Tag: Penn Avenue

  • Heinz Hall

    One of the first great silent movie palaces (the old Loew’s Penn) to be turned into a concert hall, Heinz Hall set a trend, both here and elsewhere. With the old Stanley and Fulton (now the Benedum and Byham), it is one of the three large anchors of the theater district downtown.

  • The Phipps-McElveen Building

    Phipps-McElveen Building

    Now student housing under the name “Penn Commons.” It was originally built, in 1896, for Henry Phipps, Andrew Carnegie’s close friend and the donor of the Phipps Conservatories for both Pittsburgh and Allegheny (the latter of which, much expanded, is now the National Aviary).

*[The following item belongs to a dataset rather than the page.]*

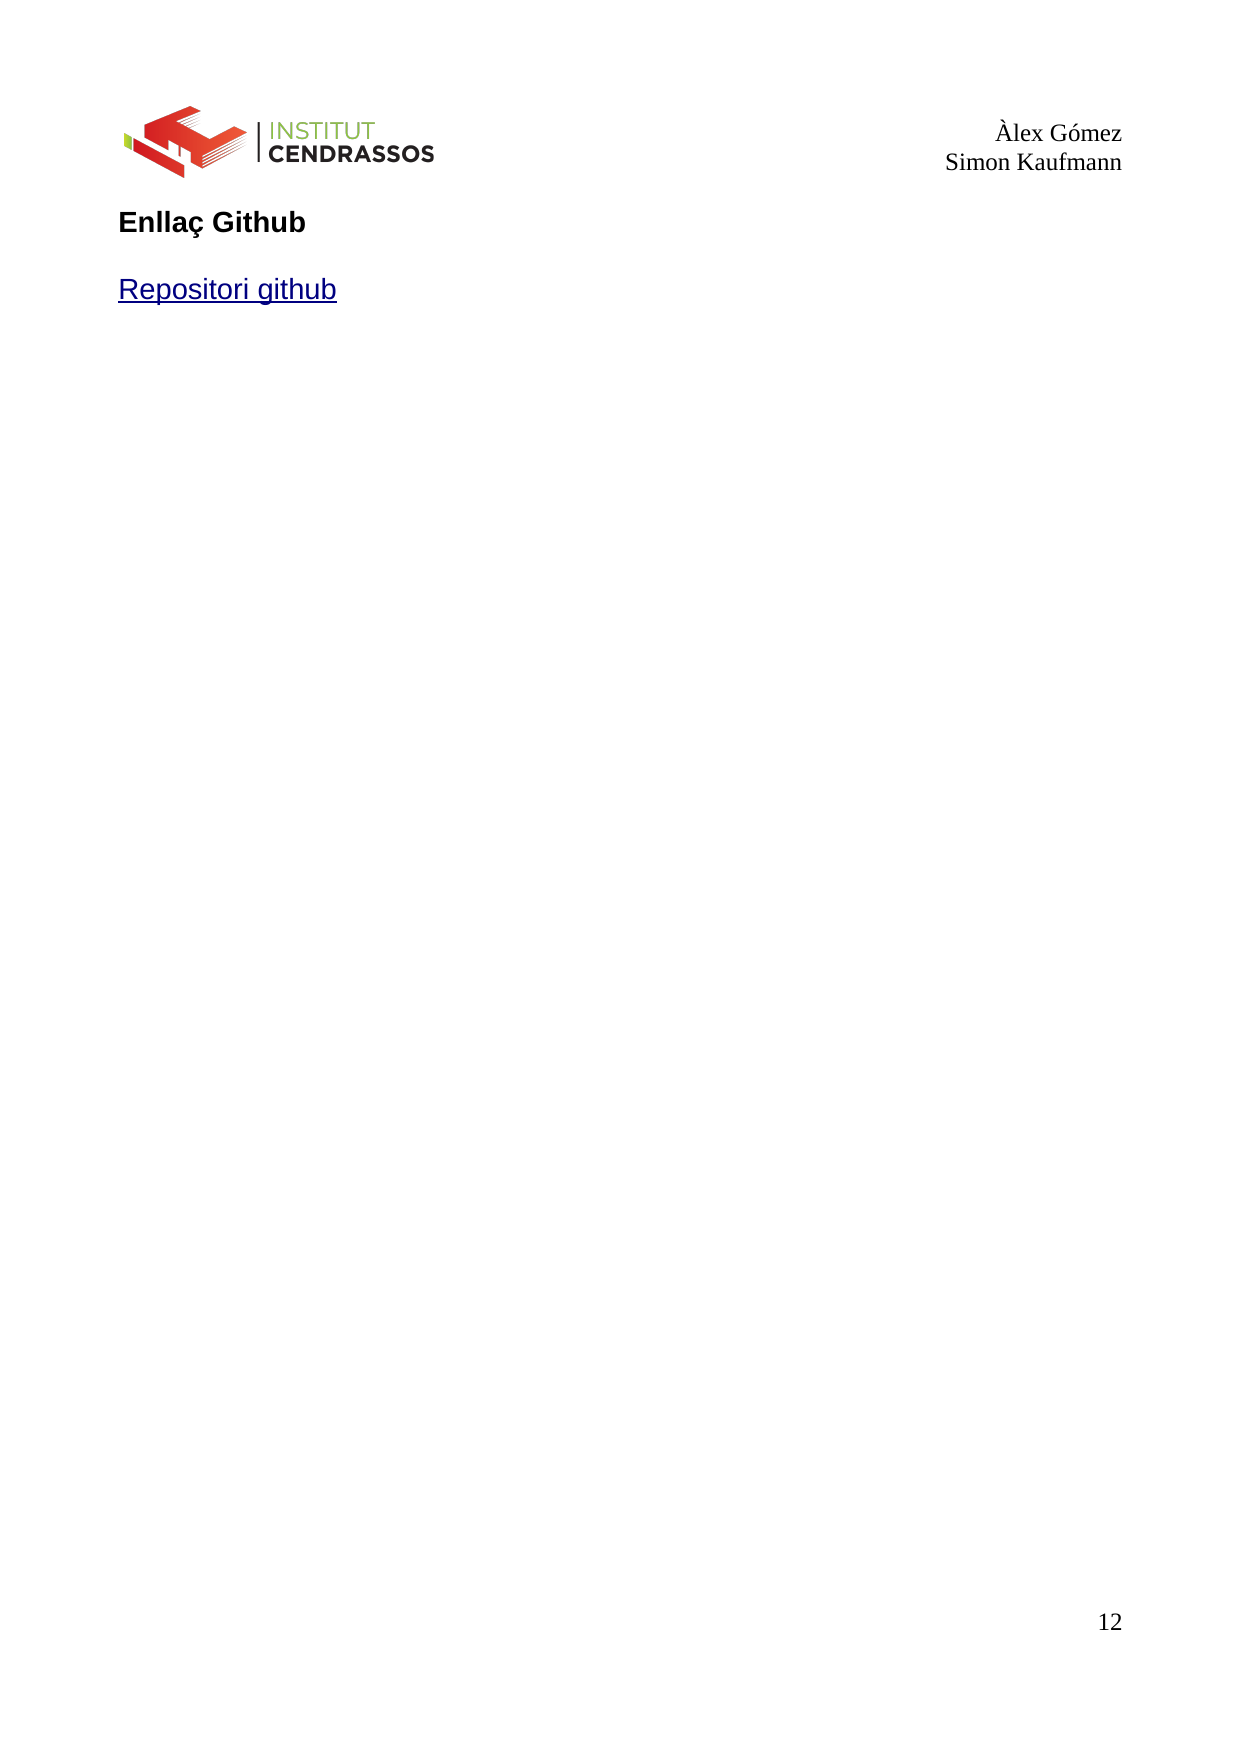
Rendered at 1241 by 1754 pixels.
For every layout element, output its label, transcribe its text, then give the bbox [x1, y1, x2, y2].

text Repositori github [118, 272, 1122, 306]
subtitle Enllaç Github [118, 205, 1122, 239]
picture [124, 106, 434, 178]

    This is a large composite picture; don’t open the full-size version on a metered connection.

  • Penn Avenue Downtown

    Penn Avenue downtown in the theater district. Above, looking west from Seventh Street; Theater Square (designed by Michael Graves), with the Greer Cabaret Theater and the Public Theater, is on the right, and Heinz Hall is on the left at the end of the block. Two Gateway Center looms at the end of the street. Below, from Sixth Street, with the Phipps-McElveen Building and the old Horne’s department store on the right, and Two Gateway Center looming closer.

  • Penn Avenue, Cultural District

    Penn Avenue in the Cultural District, Pittsburgh, from the corner of Sixth Street. The view includes the O’Reilly Theater and Theater Square (architect Michael Graves) and the Penn Avenue bikeway.

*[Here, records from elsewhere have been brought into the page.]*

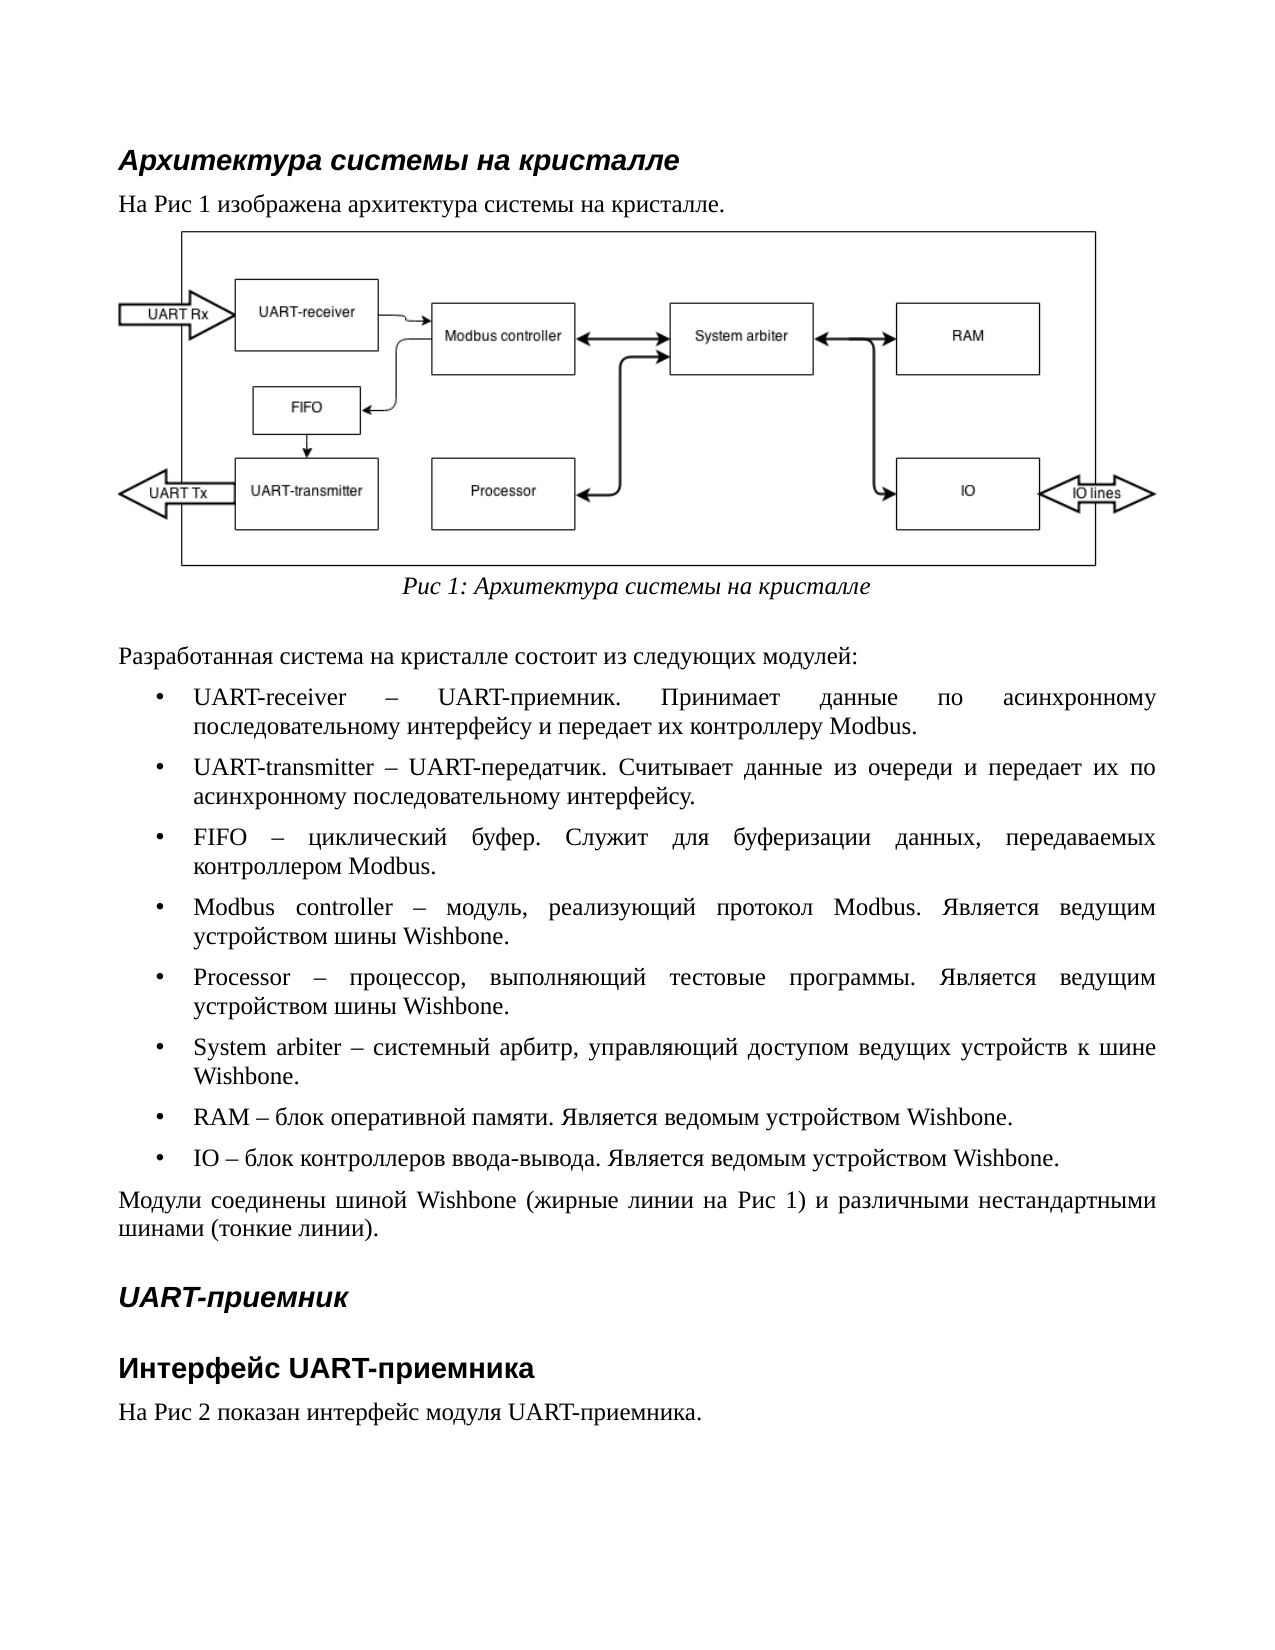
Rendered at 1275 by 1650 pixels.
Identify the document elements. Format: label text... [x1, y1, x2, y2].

list Modbus controller – модуль, реализующий протокол Modbus. Является ведущим устройством шины Wishbone. [156, 892, 1157, 950]
subtitle Архитектура системы на кристалле [118, 143, 1157, 177]
list UART-receiver – UART-приемник. Принимает данные по асинхронному последовательному интерфейсу и передает их контроллеру Modbus. [156, 682, 1157, 740]
list IO – блок контроллеров ввода-вывода. Является ведомым устройством Wishbone. [156, 1143, 1157, 1172]
text Рис 1: Архитектура системы на кристалле [118, 571, 1157, 600]
text Разработанная система на кристалле состоит из следующих модулей: [118, 641, 1157, 670]
list Processor – процессор, выполняющий тестовые программы. Является ведущим устройством шины Wishbone. [156, 962, 1157, 1020]
text На Рис 2 показан интерфейс модуля UART-приемника. [118, 1397, 1157, 1426]
subtitle Интерфейс UART-приемника [118, 1351, 1157, 1384]
list System arbiter – системный арбитр, управляющий доступом ведущих устройств к шине Wishbone. [156, 1032, 1157, 1090]
list UART-transmitter – UART-передатчик. Считывает данные из очереди и передает их по асинхронному последовательному интерфейсу. [156, 752, 1157, 810]
subtitle UART-приемник [118, 1280, 1157, 1313]
picture [118, 230, 1157, 571]
text На Рис 1 изображена архитектура системы на кристалле. [118, 189, 1157, 218]
list FIFO – циклический буфер. Служит для буферизации данных, передаваемых контроллером Modbus. [156, 822, 1157, 880]
list RAM – блок оперативной памяти. Является ведомым устройством Wishbone. [156, 1102, 1157, 1131]
text Модули соединены шиной Wishbone (жирные линии на Рис 1) и различными нестандартными шинами (тонкие линии). [118, 1185, 1157, 1242]

    Camera: Kodak EasyShare Z1485 IS.
  • 819 and 821 Penn Avenue

    Both these buildings are quite utilitarian, with ground-floor storefronts and upper-floor workshops; but each is adorned with its own distinctive classical detailing. The Greek-key pattern shows up on both, but no. 819 in particular adds a profusion of other ornaments that distinguish it from its neighbors.

    Once again, the narrowness of Penn Avenue makes it difficult to get a complete picture of the façades of these buildings, so the tops are a little blurry.

  • McNally and Bonn Buildings, Penn Avenue

    These two buildings, like many in the Cultural District, are going residential. Though the styles are radically different—the McNally Building light and classical, the Bonn Building heavy and Romanesque—they are only three years apart: the McNally building was put up in 1896, the Bonn Building in 1893.

    Penn Avenue is a very narrow street, and getting a picture of the whole front of a nine-story building involves a lot of fiddling, most of it done by the Hugin stitching program automatically. Thus the picture is a bit fuzzy toward the top.